By the time the school year comes to an end in June, I welcome summer with the most open of arms you’ve ever seen. No more worrying about making lunch or rushing out the door to miss the school bus or getting a grumpy kid off the bus who “doesn’t remember” what he did that day.

Add all of that to the fact that I am fortunate enough to live in a coastal town in southern New England, which means summer for us equals beach time fun! That first beautiful day after school lets out is simply amazing!

We go to the beach and the kids play like it’s the first time they’ve seen sand or water. Or sand next to water. We stay ALL day and I don’t worry about what’s for dinner (much to my husband’s disappointment) or getting home at any particular time. When we do get home, it’s shower, eat, and the kids pass out like they just went on a bender. It’s glorious!

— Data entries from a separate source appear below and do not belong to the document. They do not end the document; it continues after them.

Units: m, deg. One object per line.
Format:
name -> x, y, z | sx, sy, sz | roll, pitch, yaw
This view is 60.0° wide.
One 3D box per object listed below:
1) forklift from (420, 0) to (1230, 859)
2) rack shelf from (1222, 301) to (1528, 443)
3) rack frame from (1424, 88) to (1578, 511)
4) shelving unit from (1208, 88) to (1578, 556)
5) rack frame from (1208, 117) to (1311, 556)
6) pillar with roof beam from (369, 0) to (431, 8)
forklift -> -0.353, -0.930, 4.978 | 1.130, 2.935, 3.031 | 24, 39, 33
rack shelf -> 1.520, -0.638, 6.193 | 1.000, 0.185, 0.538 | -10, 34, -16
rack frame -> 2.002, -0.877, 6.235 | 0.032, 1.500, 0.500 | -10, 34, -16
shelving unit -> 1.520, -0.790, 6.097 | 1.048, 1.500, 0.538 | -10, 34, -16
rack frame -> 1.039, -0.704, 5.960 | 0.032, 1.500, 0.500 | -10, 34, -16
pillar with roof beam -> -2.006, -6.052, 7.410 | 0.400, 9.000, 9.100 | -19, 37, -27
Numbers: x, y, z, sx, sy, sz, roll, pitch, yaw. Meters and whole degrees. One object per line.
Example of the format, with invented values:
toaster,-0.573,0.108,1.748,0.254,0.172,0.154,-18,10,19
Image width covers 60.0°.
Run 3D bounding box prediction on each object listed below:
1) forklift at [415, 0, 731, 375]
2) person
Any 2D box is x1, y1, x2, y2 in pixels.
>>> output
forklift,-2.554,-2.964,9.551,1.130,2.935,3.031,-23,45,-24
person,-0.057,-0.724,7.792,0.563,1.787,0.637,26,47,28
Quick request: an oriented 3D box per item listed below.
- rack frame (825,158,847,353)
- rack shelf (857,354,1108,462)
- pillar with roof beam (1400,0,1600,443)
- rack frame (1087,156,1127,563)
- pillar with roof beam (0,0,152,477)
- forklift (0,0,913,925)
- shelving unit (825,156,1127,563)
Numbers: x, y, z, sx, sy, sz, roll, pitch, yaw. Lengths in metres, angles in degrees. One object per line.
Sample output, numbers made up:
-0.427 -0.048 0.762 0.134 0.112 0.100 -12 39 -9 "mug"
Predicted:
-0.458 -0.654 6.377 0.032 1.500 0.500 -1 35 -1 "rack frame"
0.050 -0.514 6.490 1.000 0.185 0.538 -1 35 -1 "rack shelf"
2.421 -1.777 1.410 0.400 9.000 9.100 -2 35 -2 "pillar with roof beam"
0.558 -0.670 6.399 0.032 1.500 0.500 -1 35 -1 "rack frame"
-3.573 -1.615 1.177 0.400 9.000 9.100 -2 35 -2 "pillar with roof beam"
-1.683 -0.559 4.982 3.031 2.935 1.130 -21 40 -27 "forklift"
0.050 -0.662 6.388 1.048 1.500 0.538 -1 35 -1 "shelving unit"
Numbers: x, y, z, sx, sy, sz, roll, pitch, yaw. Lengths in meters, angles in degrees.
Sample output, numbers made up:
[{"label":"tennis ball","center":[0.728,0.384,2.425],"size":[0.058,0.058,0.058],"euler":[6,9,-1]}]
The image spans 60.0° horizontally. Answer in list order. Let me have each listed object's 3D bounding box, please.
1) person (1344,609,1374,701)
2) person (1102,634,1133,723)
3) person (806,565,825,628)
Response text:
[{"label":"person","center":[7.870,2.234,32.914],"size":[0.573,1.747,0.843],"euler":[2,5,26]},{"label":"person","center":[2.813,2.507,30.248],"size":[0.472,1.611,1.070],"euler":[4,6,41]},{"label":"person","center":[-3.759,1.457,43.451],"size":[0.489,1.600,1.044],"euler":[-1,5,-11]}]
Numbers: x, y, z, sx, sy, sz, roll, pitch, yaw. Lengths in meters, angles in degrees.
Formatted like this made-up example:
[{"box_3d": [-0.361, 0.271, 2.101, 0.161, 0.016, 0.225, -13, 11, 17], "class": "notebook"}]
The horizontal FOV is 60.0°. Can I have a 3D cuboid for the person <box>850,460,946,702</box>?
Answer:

Unfortunately, this only lasts for about a week because (1) they somehow start to find the beach “boring” and (2) they become immune to all of the activity and it no longer puts them to sleep the moment their heads hit the pillow.

Then you realize that you haven’t cleaned the house or done laundry all week, so you have to take an entire day of your “vacation” to do something about it. Of course, while you’re vacuuming and lugging baskets of clothes up and down the stairs, your kids are busy dumping their Legos all over the floor for no reason in particular.

summer "vacation"My point is, I think the word “vacation” in the term we know as summer “vacation” is a bit strong. Even if you use the word “break,” that’s still pushing it a little, because who’s getting the break here? The kids are technically on a “vacation” from school, sure. But I’m certainly not on any sort of vacation. You can’t just change what a word means because a bunch of kids aren’t going to school for two months!

I think that the name of this period of time between school years should reflect everyone who is involved, not just the kids. Perhaps we could call it “Summer, Not the School Year,” or “Summer, The Teachers Have Had Enough.” Okay, those aren’t great, but you get my point.

Other terminologies whose meanings go right out the window over this so-called summer “vacation” include “bedtime” and “healthy diet” and “no, we can’t have hot dogs for the third time this week,” and “stop spraying the hose, you’re wasting water.”

Don’t get me wrong. I LOVE the summer, and I will probably be the Mom choking back tears when I put both of my children on the school bus in three and a half weeks. I also know that those tears will most likely be short-lived because I want to enjoy my time until next summer “vacation” when I will go from zero kids 35 hours a week to two kids ALL the time.